Your job is to set down the stretch of entries that opens with the line containing "#1 toy gun at [1030, 971, 1500, 1204]" and closes with the line containing "Example of the". Keep both end lines, copy each exactly, and add nothing.

§ **DATASET EXCERPTS**:
# # # #
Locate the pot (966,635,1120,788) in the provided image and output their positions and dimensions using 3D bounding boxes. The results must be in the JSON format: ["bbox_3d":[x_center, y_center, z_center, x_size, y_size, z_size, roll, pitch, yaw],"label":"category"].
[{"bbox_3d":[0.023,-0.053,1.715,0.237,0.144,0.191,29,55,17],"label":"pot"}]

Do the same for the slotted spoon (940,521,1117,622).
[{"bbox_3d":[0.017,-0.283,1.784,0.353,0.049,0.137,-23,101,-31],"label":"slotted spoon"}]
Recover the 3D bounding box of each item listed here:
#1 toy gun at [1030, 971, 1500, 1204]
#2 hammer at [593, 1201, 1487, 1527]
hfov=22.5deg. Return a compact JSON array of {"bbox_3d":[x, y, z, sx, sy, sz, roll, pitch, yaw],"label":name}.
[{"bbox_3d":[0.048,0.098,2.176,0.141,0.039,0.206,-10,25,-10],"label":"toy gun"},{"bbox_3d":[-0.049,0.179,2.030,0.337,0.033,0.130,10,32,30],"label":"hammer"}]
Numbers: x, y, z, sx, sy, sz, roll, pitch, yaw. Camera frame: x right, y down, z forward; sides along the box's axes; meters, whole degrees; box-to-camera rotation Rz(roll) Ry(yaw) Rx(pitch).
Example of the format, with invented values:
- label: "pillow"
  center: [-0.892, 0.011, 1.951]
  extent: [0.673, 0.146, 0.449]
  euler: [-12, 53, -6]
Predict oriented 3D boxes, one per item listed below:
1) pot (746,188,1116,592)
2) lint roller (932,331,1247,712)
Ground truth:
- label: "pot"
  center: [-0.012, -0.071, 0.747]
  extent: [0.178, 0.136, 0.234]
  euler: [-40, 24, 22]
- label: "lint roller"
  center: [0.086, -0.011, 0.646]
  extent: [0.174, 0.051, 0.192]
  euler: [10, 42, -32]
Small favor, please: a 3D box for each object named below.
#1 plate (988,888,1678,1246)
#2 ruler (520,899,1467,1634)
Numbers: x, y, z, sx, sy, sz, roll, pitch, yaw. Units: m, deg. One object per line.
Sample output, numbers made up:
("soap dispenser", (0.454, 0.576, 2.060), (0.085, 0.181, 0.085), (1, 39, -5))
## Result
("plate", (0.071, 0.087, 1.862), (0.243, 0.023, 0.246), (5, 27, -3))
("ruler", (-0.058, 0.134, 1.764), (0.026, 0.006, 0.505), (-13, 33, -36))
# # # #
§ **SOLUTION**:
#1 toy gun at [1030, 971, 1500, 1204]
#2 hammer at [593, 1201, 1487, 1527]
hfov=22.5deg. Return a compact JSON array of {"bbox_3d":[x, y, z, sx, sy, sz, roll, pitch, yaw],"label":name}.
[{"bbox_3d":[0.048,0.098,2.176,0.141,0.039,0.206,-10,25,-10],"label":"toy gun"},{"bbox_3d":[-0.049,0.179,2.030,0.337,0.033,0.130,10,32,30],"label":"hammer"}]
Numbers: x, y, z, sx, sy, sz, roll, pitch, yaw. Camera frame: x right, y down, z forward; sides along the box's axes; meters, whole degrees; box-to-camera rotation Rz(roll) Ry(yaw) Rx(pitch).
Example of the format, with invented values:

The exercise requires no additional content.